Through analytical and numerical studies of Deep Neural Networks (using standard TensorFlow) in the ""Information Plane"" - the Mutual Information the network layers preserve on the input and the output variables - we obtain the following new insights:
1. The training epochs, for each layer, are divided into two phases: (1) fitting the training data - increasing the mutual information on the labels; (2) compressing the representation - reducing the mutual information on the inputs. The layers are learnt hierarchically, from the bottom to the top layer, with some overlaps.
2. Most (~80%) of the training time - optimization with SGD - is spent on compressing the representation (the second phase) - NOT on fitting the training data labels, even when the training has no regularization or terms that directly aim at such compression.
3. The convergence point, FOR EVERY HIDDEN LAYER, lies on or very close to the Information Bottleneck (IB) theoretical bound.
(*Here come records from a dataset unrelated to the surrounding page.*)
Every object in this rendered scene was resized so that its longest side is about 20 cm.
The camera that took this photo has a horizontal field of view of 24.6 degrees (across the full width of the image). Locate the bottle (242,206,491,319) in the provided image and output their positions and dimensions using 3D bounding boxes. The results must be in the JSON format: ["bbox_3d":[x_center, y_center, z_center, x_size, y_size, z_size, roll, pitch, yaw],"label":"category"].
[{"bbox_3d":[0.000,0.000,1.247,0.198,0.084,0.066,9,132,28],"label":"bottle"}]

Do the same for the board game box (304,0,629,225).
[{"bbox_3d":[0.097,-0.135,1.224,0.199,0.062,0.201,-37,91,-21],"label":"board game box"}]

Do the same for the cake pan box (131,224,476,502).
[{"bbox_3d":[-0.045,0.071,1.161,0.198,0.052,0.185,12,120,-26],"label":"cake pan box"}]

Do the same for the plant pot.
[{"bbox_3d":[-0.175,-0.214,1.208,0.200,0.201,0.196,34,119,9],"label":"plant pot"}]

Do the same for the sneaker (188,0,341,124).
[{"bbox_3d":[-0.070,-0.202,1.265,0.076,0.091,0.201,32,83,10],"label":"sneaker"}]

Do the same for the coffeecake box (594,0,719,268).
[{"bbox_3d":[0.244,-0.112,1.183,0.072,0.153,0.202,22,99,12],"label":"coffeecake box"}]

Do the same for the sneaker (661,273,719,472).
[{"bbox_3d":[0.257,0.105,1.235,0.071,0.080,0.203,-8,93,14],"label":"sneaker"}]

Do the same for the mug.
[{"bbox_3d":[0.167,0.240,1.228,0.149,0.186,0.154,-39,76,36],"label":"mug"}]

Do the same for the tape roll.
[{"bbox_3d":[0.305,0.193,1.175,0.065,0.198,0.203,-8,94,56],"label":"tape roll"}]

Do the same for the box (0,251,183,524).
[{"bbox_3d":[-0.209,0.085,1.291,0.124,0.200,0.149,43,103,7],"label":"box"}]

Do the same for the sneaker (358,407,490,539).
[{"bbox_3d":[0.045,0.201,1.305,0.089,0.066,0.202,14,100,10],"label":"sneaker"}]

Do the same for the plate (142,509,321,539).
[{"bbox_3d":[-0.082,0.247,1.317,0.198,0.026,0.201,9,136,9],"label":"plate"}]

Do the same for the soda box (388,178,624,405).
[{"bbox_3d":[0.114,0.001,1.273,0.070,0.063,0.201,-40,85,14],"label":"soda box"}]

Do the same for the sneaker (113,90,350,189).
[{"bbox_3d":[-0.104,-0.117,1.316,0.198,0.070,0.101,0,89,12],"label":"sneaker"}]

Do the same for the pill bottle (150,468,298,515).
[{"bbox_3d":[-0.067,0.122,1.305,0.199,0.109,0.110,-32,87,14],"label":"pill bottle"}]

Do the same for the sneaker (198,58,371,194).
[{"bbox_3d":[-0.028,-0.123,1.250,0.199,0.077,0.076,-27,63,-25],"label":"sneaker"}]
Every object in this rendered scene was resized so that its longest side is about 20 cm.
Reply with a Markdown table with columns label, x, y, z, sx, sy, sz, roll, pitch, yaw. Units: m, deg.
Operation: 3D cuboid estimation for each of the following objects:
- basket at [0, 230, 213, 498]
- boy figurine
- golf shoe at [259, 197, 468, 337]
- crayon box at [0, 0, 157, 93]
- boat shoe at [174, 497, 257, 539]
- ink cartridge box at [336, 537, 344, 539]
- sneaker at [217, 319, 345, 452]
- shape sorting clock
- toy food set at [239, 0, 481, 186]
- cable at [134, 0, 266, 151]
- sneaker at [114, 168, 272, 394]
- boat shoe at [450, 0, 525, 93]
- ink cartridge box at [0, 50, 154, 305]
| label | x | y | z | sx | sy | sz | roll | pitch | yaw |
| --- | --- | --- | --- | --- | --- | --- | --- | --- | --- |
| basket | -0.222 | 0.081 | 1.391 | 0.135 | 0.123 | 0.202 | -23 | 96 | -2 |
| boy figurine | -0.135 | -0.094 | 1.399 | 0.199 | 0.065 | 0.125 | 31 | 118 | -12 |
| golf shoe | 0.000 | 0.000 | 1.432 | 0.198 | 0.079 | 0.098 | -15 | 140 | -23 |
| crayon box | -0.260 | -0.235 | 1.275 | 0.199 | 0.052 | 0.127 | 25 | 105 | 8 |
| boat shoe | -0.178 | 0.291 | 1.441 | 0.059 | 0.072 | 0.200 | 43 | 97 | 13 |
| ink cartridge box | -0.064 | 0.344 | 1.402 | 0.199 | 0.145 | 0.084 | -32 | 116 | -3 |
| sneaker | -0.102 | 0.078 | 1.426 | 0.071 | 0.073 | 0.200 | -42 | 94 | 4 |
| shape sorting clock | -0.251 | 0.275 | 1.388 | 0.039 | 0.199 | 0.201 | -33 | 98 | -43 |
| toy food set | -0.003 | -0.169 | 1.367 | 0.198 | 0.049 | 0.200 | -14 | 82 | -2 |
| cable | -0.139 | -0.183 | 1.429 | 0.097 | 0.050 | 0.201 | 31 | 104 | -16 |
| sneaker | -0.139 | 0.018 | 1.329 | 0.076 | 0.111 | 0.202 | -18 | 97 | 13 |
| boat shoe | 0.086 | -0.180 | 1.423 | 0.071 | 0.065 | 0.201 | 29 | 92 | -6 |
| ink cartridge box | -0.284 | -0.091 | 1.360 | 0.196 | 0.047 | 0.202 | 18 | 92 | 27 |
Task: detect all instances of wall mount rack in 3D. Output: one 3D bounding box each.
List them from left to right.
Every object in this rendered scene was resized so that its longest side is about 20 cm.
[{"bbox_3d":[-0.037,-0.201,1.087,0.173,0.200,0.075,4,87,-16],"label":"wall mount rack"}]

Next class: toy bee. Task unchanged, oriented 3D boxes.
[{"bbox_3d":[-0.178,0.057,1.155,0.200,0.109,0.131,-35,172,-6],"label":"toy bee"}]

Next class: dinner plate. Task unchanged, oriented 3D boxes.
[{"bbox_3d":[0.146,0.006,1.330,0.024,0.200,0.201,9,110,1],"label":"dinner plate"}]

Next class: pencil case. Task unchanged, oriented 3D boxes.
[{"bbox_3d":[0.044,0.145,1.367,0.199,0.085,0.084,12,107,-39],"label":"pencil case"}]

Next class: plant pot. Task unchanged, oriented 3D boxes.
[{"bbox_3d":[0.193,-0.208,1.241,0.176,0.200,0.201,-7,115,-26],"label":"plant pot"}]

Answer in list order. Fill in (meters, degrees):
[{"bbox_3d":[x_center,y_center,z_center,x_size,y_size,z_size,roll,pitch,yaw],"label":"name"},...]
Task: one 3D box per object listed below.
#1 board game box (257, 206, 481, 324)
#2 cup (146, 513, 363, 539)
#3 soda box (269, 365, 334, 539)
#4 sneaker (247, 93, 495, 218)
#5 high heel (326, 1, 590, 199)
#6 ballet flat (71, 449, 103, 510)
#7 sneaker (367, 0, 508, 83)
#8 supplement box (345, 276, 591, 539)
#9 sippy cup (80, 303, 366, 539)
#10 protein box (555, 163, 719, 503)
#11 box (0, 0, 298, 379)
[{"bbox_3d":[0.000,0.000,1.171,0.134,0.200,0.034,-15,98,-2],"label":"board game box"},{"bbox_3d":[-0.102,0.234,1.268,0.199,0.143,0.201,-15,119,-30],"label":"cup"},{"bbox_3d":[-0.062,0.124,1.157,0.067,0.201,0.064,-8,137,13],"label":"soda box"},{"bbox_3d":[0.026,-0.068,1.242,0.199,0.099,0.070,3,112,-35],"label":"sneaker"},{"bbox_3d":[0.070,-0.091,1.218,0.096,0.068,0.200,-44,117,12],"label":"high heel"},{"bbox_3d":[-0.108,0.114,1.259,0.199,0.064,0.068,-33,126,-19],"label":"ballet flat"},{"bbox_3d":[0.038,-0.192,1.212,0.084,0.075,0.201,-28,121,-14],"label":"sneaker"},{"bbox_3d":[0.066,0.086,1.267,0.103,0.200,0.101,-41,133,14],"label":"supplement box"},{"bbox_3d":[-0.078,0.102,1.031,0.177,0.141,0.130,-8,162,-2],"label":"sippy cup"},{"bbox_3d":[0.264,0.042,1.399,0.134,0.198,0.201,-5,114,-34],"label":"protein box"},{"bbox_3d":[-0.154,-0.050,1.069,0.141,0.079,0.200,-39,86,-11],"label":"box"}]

Thus, the mappings from the input to the hidden layer and from the hidden layer to the output obey the IB self-consistent equations for some value of the compression-prediction tradeoff.
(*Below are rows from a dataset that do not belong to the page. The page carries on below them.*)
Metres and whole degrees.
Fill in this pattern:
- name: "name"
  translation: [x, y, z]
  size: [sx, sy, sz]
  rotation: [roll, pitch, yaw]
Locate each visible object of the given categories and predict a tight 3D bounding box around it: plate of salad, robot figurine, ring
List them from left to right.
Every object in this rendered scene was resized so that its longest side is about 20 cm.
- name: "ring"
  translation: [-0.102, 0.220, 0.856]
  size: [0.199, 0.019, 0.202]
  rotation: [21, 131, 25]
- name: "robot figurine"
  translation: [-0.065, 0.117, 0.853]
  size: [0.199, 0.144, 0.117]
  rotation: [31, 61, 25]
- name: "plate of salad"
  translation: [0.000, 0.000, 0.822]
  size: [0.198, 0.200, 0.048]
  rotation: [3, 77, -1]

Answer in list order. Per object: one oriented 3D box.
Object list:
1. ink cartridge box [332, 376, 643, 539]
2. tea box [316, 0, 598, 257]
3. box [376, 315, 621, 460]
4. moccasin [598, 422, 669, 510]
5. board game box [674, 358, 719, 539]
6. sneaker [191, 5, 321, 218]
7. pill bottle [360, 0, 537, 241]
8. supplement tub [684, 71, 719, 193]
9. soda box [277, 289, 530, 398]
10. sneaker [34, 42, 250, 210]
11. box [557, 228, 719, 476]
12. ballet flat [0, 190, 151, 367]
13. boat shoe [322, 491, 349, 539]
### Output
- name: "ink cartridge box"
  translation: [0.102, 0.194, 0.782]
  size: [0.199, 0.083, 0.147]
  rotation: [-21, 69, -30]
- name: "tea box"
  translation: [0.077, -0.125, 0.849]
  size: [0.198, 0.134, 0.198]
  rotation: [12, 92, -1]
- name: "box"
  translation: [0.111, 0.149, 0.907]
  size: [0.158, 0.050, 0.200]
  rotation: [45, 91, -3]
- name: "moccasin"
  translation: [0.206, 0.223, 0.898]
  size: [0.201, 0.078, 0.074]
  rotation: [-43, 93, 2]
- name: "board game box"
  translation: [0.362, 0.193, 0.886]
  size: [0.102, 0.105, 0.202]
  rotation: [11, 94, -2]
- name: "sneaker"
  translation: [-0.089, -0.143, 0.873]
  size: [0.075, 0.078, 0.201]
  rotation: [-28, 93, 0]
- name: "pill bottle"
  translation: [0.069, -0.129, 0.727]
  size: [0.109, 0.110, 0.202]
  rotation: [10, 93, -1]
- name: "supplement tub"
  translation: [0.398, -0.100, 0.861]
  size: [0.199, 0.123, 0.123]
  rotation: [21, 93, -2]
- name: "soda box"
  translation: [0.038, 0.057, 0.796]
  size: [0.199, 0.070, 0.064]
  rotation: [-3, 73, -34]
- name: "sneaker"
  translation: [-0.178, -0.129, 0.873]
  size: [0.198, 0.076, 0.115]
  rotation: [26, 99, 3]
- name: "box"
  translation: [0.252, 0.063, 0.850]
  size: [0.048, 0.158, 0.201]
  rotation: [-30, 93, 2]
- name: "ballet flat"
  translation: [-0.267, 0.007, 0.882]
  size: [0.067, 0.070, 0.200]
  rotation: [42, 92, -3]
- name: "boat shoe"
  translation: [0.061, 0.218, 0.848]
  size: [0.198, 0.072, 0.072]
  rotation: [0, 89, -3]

4. The main benefit of adding more hidden layers is in the optimization/training time, as the compression phase for each layer amounts to relaxation to a Maximum conditional Entropy state, subject to the proper constraints on the error/information on the labels. As such relaxation takes super-linear time in the compressed entropy, adding more hidden layers dramatically reduces the training time. There is also benefit in sample complexity to adding hidden layers, but this is a smaller effect.
I will explain these new observations and the benefits of exploring Deep Learning in the ""Information Plane"", and discuss some of the exciting theoretical and practical consequences of our analysis.